In between garden beds there is Russian sage, cat mint, tarragon and garlic chives.
Roses dominate the landscape; an old friend in Rockport, with beautiful rose gardens of his own, gifted Hauptfleisch three pink old English roses. Others were grafted from existing rose bushes. Most of the roses are white, pink, red, apricot and a few yellow.
Yellow roses have never grown well for Hauptfleisch; you could say they are his Achilles heel.
He is not partial to the rugosa or beach rose as much as the other varieties, but has two token rugosas, called pavement and blanc. He believes the rugosas may have crossed with some of his knockouts.
“There are so many [rugosas], I don’t plant them. I go more for the English, knock-outs, Bonicas, Meidiland, carpets and other roses,” Hauptfleisch said.
Indeed, Hauptfleisch knows the name of almost every flower child in his gardens: roses include Abraham Darby, Acapulco Sunset, Iceberg, Oso Easy, Miss Salsa, Heart & Soul, Carnival and Wine & Roses Wigelia.

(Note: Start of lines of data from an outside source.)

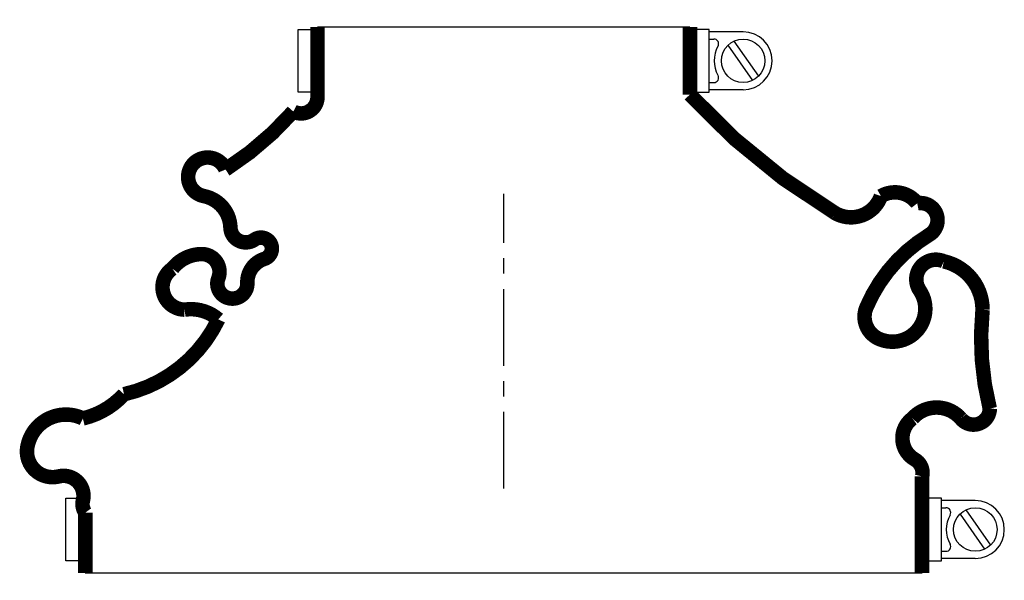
# Model space of a CAD drawing. Header units: millimetres. Extents: x -100 to 104, y -19 to 97.
import ezdxf

# ---------------------------------------------------------------- set-up
doc = ezdxf.new("R2010")
doc.units = ezdxf.units.MM
doc.header["$LTSCALE"] = 0.5
doc.header["$MEASUREMENT"] = 0
doc.linetypes.add('CENTER', pattern=[50.8, 31.75, -6.35, 6.35, -6.35])
doc.layers.get('0').update_dxf_attribs({"linetype": 'CONTINUOUS'})
doc.layers.add('Center', color=1, linetype='CENTER')

msp = doc.modelspace()

# ---------------------------------------------------------------- linework, layer by layer
for p, q in [((-42.5, 82), (-42.5, 95)), ((-42.5, 95), (-40, 95)), ((-38.5, 95.5), (38.5, 95.5)), ((42.5, 95), (40, 95)), ((42.5, 82), (42.5, 95)), ((49.5, 94.5), (42.5, 94.5)), ((42.5, 93), (43.44, 93)), ((46.34, 91.7), (51.43, 84.44)), ((47.57, 92.56), (52.66, 85.3)), ((42.5, 84), (43.44, 84)), ((-40, 82), (-42.5, 82)), ((40, 82), (42.5, 82)), ((49.5, 82.5), (42.5, 82.5)), ((-90.5, -15), (-90.5, -2)), ((-90.5, -2), (-88, -2)), ((90.5, -2), (88, -2)), ((90.5, -15), (90.5, -2)), ((97.5, -2.5), (90.5, -2.5)), ((90.5, -4), (91.44, -4)), ((94.34, -5.3), (99.43, -12.56)), ((95.57, -4.44), (100.66, -11.7)), ((90.5, -13), (91.44, -13)), ((-88, -15), (-90.5, -15)), ((88, -15), (90.5, -15)), ((97.5, -14.5), (90.5, -14.5)), ((86.5, -17.5), (-86.5, -17.5))]:
    msp.add_line(p, q)
at = {"const_width": 3, "flags": 128}
for points in [[(-38.5, 95.5), (-38.5, 81, -0.56619), (-43.5, 78, -0.069825), (-57.5, 66, 1.667268), (-62, 60.5, -0.349852), (-56.5, 54, 0.598056), (-51.5, 51.5, -1.163294), (-49.5, 47.5, 0.335337), (-53, 42.5, -1.224957), (-59, 43.5, 0.531721), (-62.5, 48.5, 0.226938), (-68.5, 45.5, 0.730034), (-66, 37, -0.219784), (-59, 35, -0.23006), (-78.5, 19.5, -0.152372), (-87, 14.5, 0.500401), (-98.5, 8.5, 0.538118), (-92, 2.5, -0.564179), (-87, -2.5, 0.223265), (-86.5, -5), (-86.5, -17.5)], [(38.5, 95.5), (38.5, 81.5, 0.073005), (68.5, 57, 0.471448), (78, 60.5, -0.377105), (85.5, 59, -0.835937), (88, 52.5, 0.15691), (75, 37.5, 0.405212), (77.5, 31, 0.760159), (86, 41, -0.75249), (91, 47, -0.352045), (99, 37, 0.086871), (100.5, 16.5, -0.704922), (94.5, 14.5, 0.450364), (84.5, 14.5, 0.542617), (85, 6, -0.335934), (86.5, 2.5), (86.5, -17.5)]]:
    msp.add_lwpolyline(points, format="xyb", dxfattribs=at)
for centre in [(49.5, 88.5), (97.5, -8.5)]:
    msp.add_circle(centre, 4.5)
for centre, radius, start, end in [((49.5, 88.5), 6, 270, 90), ((43.44, 92), 1, 330, 90), ((49.5, 88.5), 6, 150, 210), ((43.44, 85), 1, 270, 30), ((91.44, -5), 1, 330, 90), ((97.5, -8.5), 6, 270, 90), ((97.5, -8.5), 6, 150, 210), ((91.44, -12), 1, 270, 30)]:
    msp.add_arc(centre, radius, start, end)
at = {"layer": 'Center'}
msp.add_line((0, 0), (0, 61), dxfattribs=at)

doc.saveas('drawing.dxf')

Occasionally, both he and his wife are stumped when a visitor asks what type of flower this or that is. The pair will look at one another as if trying to read the answer in the other's eyes, and say, “Well, we have this big book in the house with all of the names… and we're in the process of tagging everything.” Upon which they bust up laughing.
Hauptfleisch is a firm believer in buying smaller plants and dividing them. He also takes cuttings from existing flora to increase his brood. His method for lilacs and roses, for example, is to dip the end of the cutting in a rooting powder, place it in his ever-rich soil, and cover it with a glass jar to create a greenhouse effect.
“You just need patience, your small plant will catch up with the larger plant you would have spent more money on in a year and then you can divide them and have more for less,” Hauptfleisch said. “It’s a learning process.”
One method used when he decides to make a new bed, is to cover the designated area with ground leaves, let it sit for a year, and then till it up, keeping the remaining leaves in the mix.
No fancy watering system for this gardener: Hauptfleisch waters each of his beds, rose bushes, veggies and herbs by hand with a hose in the evening and tries not to hit the foliage. He says he doesn't have to water all that much thanks to all the mulch he uses.
All gardens must have accents for added visual interest, and Hauptfleish’s gardens include a statue, a wheelbarrow, a small boat, a lobster pot, a walkway and a patio constructed of bricks from the two chimneys the couple removed from the house. Rocks he dug out from under the shed, by hand, became a stone wall on the property in 1986.
Last year he began considering extending the Route 26 sidewalk garden to the next utility pole – and he’s still thinking about it. For years he has pondered building a greenhouse onto the back of the house or turning the entire back yard into a rose garden.
“He always says, 'Not another garden, I’m not putting in another garden,' but the next thing I know, he’s coming in saying, ‘I have another bed,’” Olivia Cole Hauptfleisch said. “His father was as crazy about gardening as he is.”
“I just don’t know when to quit,” said the proud “father” laughing. “I guess I’ll keep going ‘til I run out of yard… or I run out!”